* [DATASET CONTENT]:
__________________________________________________

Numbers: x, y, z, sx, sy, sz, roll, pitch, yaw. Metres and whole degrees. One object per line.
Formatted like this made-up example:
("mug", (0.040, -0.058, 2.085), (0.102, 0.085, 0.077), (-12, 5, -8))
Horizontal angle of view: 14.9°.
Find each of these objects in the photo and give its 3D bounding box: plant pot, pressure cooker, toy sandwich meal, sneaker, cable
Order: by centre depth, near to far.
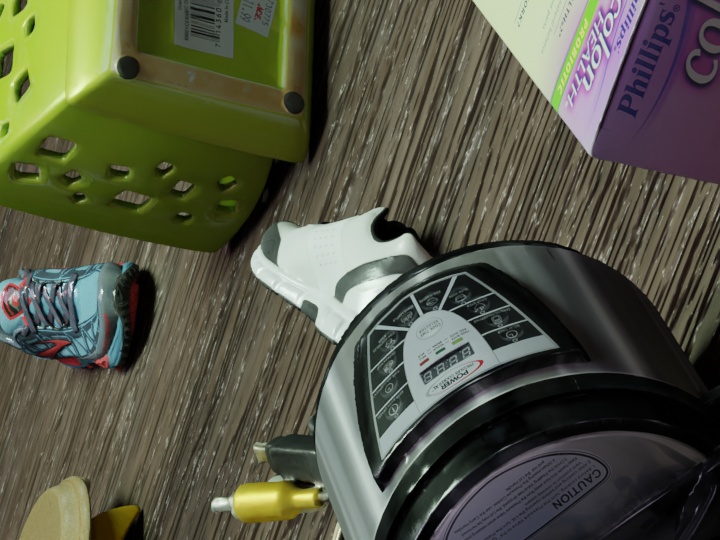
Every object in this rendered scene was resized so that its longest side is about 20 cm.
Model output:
("pressure cooker", (0.081, 0.099, 1.168), (0.200, 0.178, 0.177), (-114, 32, -58))
("cable", (0.006, 0.116, 1.529), (0.200, 0.097, 0.051), (5, 117, 50))
("sneaker", (0.000, 0.000, 1.583), (0.080, 0.074, 0.200), (-63, 27, 3))
("plant pot", (-0.137, -0.146, 1.812), (0.181, 0.198, 0.201), (-31, 51, 55))
("toy sandwich meal", (-0.207, 0.249, 1.983), (0.205, 0.070, 0.206), (-166, 90, -72))
("sneaker", (-0.230, 0.036, 2.089), (0.200, 0.095, 0.080), (154, 123, -64))

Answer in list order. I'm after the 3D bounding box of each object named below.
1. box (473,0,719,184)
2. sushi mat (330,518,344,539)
("box", (0.142, -0.162, 1.240), (0.200, 0.096, 0.177), (-118, 43, -59))
("sushi mat", (-0.038, 0.235, 1.544), (0.096, 0.012, 0.201), (96, -168, -86))
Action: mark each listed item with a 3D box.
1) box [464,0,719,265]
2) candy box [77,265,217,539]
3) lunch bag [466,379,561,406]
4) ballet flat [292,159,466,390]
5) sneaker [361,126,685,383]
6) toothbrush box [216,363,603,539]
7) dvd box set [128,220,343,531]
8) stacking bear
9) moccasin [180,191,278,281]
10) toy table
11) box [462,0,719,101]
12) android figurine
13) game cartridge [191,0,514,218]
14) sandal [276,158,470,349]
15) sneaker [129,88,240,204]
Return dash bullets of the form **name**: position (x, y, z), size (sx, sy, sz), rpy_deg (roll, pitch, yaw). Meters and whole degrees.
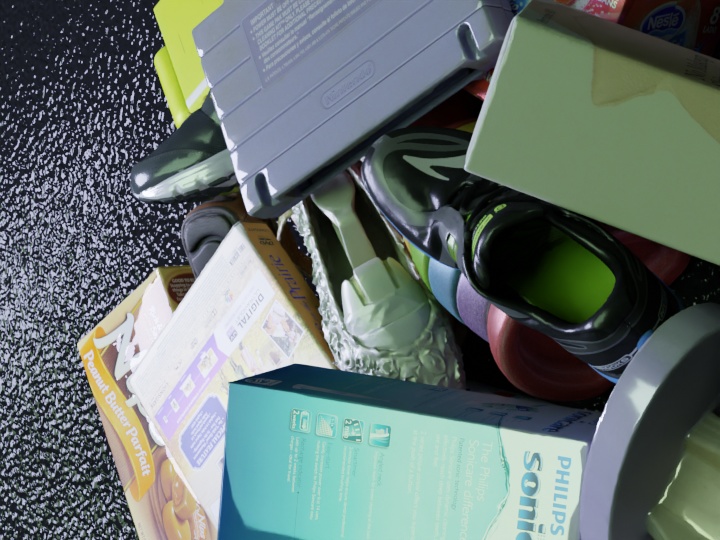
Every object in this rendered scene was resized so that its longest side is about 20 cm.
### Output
- **box**: position (0.157, -0.056, 0.863), size (0.199, 0.095, 0.078), rpy_deg (20, 108, 5)
- **candy box**: position (-0.119, 0.111, 1.257), size (0.115, 0.055, 0.201), rpy_deg (-39, 63, 40)
- **lunch bag**: position (0.060, 0.166, 1.056), size (0.160, 0.075, 0.201), rpy_deg (11, 98, 48)
- **ballet flat**: position (0.000, 0.000, 1.044), size (0.072, 0.071, 0.200), rpy_deg (-54, 45, 32)
- **sneaker**: position (0.073, -0.020, 0.884), size (0.071, 0.083, 0.199), rpy_deg (-51, 53, 1)
- **toothbrush box**: position (0.031, 0.137, 0.953), size (0.199, 0.085, 0.147), rpy_deg (7, 97, 24)
- **dvd box set**: position (-0.052, 0.091, 1.091), size (0.200, 0.029, 0.147), rpy_deg (54, 124, 29)
- **stacking bear**: position (0.071, -0.037, 1.020), size (0.200, 0.113, 0.122), rpy_deg (52, 128, 39)
- **moccasin**: position (-0.062, 0.048, 1.184), size (0.073, 0.078, 0.202), rpy_deg (-17, 94, 30)
- **toy table**: position (0.189, 0.115, 0.858), size (0.184, 0.200, 0.117), rpy_deg (-47, 54, -11)
- **box**: position (0.092, -0.148, 0.999), size (0.200, 0.095, 0.100), rpy_deg (37, 116, 40)
- **android figurine**: position (-0.074, -0.163, 1.205), size (0.182, 0.041, 0.201), rpy_deg (-46, 53, 31)
- **game cartridge**: position (-0.007, -0.130, 1.004), size (0.200, 0.038, 0.130), rpy_deg (-32, 63, 37)
- **sandal**: position (-0.017, -0.024, 1.135), size (0.212, 0.069, 0.078), rpy_deg (50, 125, 34)
- **sneaker**: position (-0.060, -0.109, 1.114), size (0.199, 0.074, 0.085), rpy_deg (-30, 84, 10)
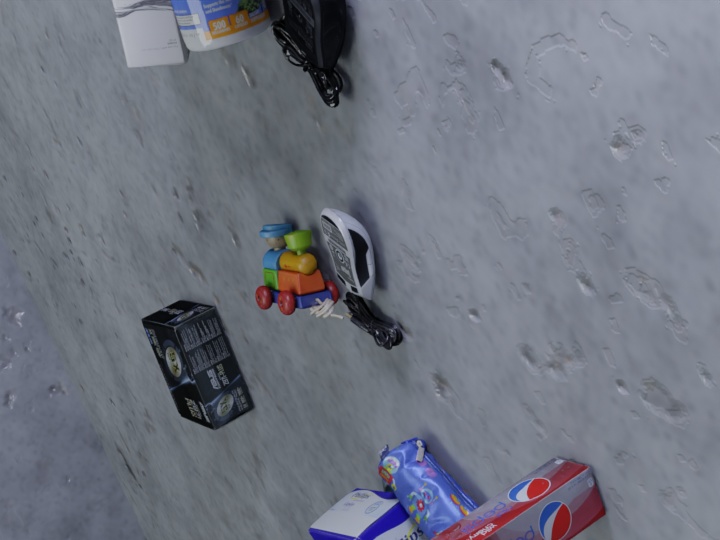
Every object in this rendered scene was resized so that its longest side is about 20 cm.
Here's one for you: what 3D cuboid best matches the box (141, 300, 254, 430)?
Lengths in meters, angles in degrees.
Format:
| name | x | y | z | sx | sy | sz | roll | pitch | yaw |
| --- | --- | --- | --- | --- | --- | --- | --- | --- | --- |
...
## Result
| name | x | y | z | sx | sy | sz | roll | pitch | yaw |
| --- | --- | --- | --- | --- | --- | --- | --- | --- | --- |
| box | -0.288 | 0.164 | 2.324 | 0.163 | 0.086 | 0.201 | 7 | 120 | 60 |

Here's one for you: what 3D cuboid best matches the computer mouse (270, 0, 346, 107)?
| name | x | y | z | sx | sy | sz | roll | pitch | yaw |
| --- | --- | --- | --- | --- | --- | --- | --- | --- | --- |
| computer mouse | -0.051 | -0.290 | 1.492 | 0.139 | 0.053 | 0.200 | 54 | 164 | 22 |

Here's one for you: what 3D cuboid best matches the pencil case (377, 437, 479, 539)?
| name | x | y | z | sx | sy | sz | roll | pitch | yaw |
| --- | --- | --- | --- | --- | --- | --- | --- | --- | --- |
| pencil case | 0.105 | 0.304 | 1.724 | 0.200 | 0.078 | 0.087 | 48 | 134 | 29 |

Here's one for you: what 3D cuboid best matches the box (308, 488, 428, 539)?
| name | x | y | z | sx | sy | sz | roll | pitch | yaw |
| --- | --- | --- | --- | --- | --- | --- | --- | --- | --- |
| box | 0.044 | 0.419 | 1.852 | 0.201 | 0.105 | 0.184 | 58 | 157 | -7 |

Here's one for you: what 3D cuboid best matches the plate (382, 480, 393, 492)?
| name | x | y | z | sx | sy | sz | roll | pitch | yaw |
| --- | --- | --- | --- | --- | --- | --- | --- | --- | --- |
| plate | 0.083 | 0.353 | 1.875 | 0.200 | 0.025 | 0.201 | 45 | 150 | 35 |

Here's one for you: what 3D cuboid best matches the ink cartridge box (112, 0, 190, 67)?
| name | x | y | z | sx | sy | sz | roll | pitch | yaw |
| --- | --- | --- | --- | --- | --- | --- | --- | --- | --- |
| ink cartridge box | -0.275 | -0.383 | 1.708 | 0.147 | 0.082 | 0.201 | -91 | -5 | -54 |

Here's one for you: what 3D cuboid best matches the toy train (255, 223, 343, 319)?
| name | x | y | z | sx | sy | sz | roll | pitch | yaw |
| --- | --- | --- | --- | --- | --- | --- | --- | --- | --- |
| toy train | -0.074 | -0.003 | 1.781 | 0.200 | 0.084 | 0.117 | 9 | 109 | 60 |

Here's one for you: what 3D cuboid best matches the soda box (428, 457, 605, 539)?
| name | x | y | z | sx | sy | sz | roll | pitch | yaw |
| --- | --- | --- | --- | --- | --- | --- | --- | --- | --- |
| soda box | 0.169 | 0.283 | 1.438 | 0.070 | 0.199 | 0.064 | 6 | 121 | 61 |

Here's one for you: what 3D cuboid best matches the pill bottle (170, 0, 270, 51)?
| name | x | y | z | sx | sy | sz | roll | pitch | yaw |
| --- | --- | --- | --- | --- | --- | --- | --- | --- | --- |
| pill bottle | -0.187 | -0.375 | 1.587 | 0.112 | 0.112 | 0.201 | 18 | 130 | 56 |

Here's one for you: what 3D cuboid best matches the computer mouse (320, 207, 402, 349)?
| name | x | y | z | sx | sy | sz | roll | pitch | yaw |
| --- | --- | --- | --- | --- | --- | --- | --- | --- | --- |
| computer mouse | 0.000 | 0.000 | 1.677 | 0.110 | 0.044 | 0.201 | 40 | 152 | 48 |

__________________________________________________

* [DESCRIPTION OF THE TASK]: The task calls for every line of the material that contains the string "each".

* [REPLY]:
Find each of these objects in the photo and give its 3D bounding box: plant pot, pressure cooker, toy sandwich meal, sneaker, cable
Answer in list order. I'm after the 3D bounding box of each object named below.
Action: mark each listed item with a 3D box.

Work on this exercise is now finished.